Yes. So if I remove all my permissions from my users, it sounds like I would be doing some protection, but a lot of this is client side. You won't need any permissions to install or? So the question was if I remove all my permissions from users, a lot of this sounds like client side, you don't need permission to install essentially, how effective would that be? So specifically with the GPO control is how I'd recommend controlling this for users. The GPO that they provide for Google allows you to control extensions themselves, so you, by
controlling the extension and what can be installed as an extension. You essentially prevent the installation method of the threat actor. So if they can't put their extension on your workstation, they never gain access. This relies on that extension piece. So that's the one control that I would say we tested extensively to be effective and looked at. The question is the most secure browser, and as a vendor standing up here, I'm not gonna answer that for fear. I use Chrome, I love Chrome. I don't know if that means it's the most secure. I do dumb things just like every user of a computer. Any other questions?
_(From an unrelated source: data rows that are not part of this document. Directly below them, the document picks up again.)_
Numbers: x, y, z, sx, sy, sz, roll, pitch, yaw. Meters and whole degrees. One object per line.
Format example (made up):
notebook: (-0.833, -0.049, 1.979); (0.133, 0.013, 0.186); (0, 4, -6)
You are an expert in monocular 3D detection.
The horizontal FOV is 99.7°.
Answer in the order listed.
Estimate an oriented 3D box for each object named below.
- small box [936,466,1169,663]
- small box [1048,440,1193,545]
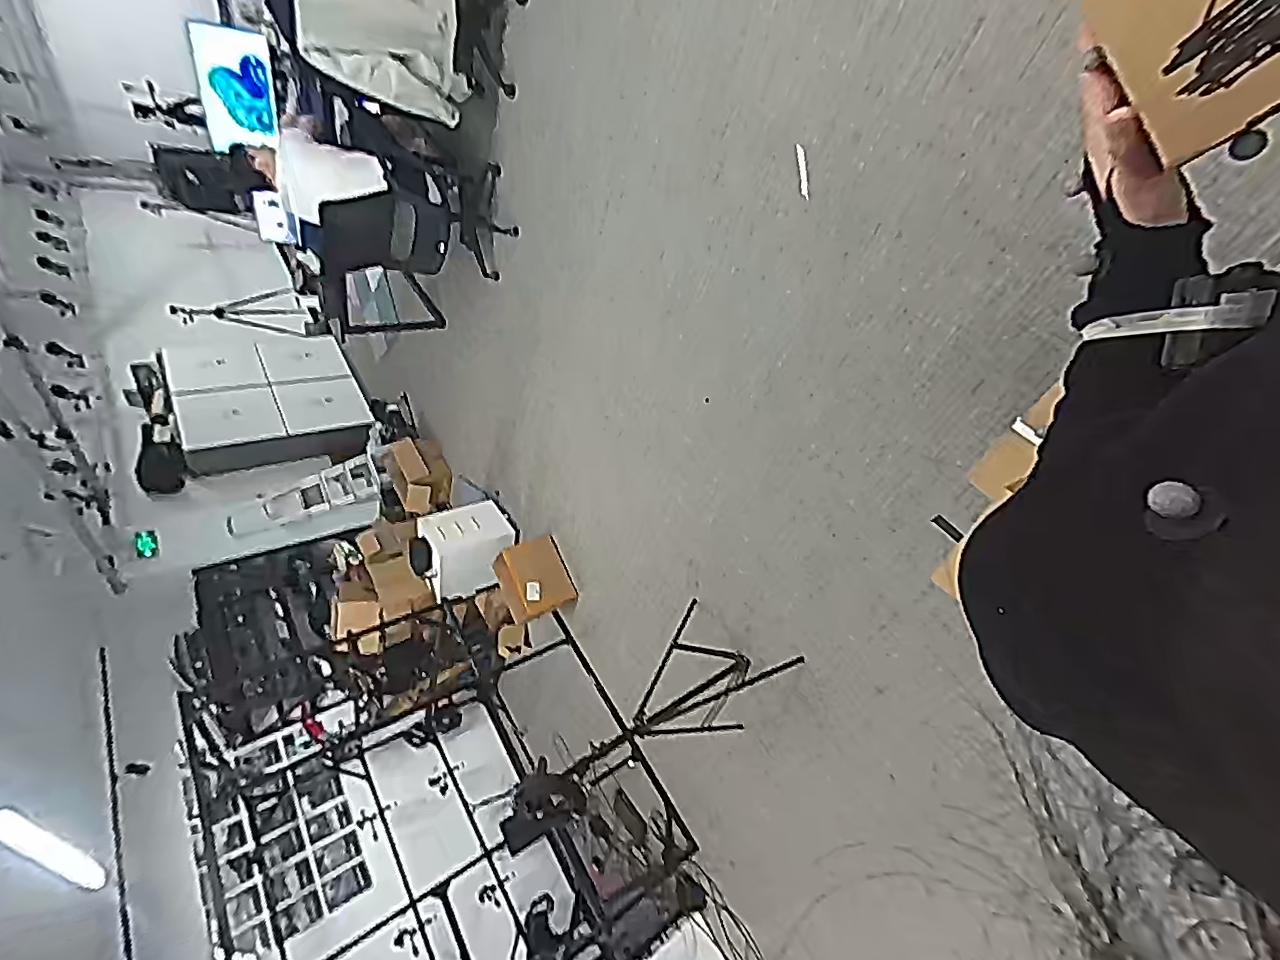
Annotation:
small box: (0.549, 0.102, 0.724); (0.168, 0.176, 0.179); (47, 136, 34)
small box: (0.677, 0.060, 0.821); (0.168, 0.176, 0.179); (49, 138, 31)

The question was, is there a good whitelist out there for known good extensions? To my knowledge, I did not find one when researching it. I think every enterprise has done their own work. Some enterprises have done their own work in this sector and built some of these, but they're not overly public. I think at the end of the day, it's gonna have to baseline partially based on the business because different Chrome extensions do enable different business units. There might be ones specific for hospitals or doctors or medical professionals that people do find useful. It's a great question. I wish there was more of an answer there and I wish there was more whitelists available online honestly. Would it be a good area for research follow on to start building
a trusted whitelist? On the Chrome web store they actually do point out that certain ones are made by Google. So I figure you could probably trust those ones uploaded by Google to the Google store. A lot of the extensions will say who they're offered by like a developer or something so you can kind of go by that. As far as I know, there's no like white list out there. Feel free to make one. Put it on GitHub, everyone can use it. I think it's great. All right. Well, thank you, Spencer and Justin. I really appreciated it.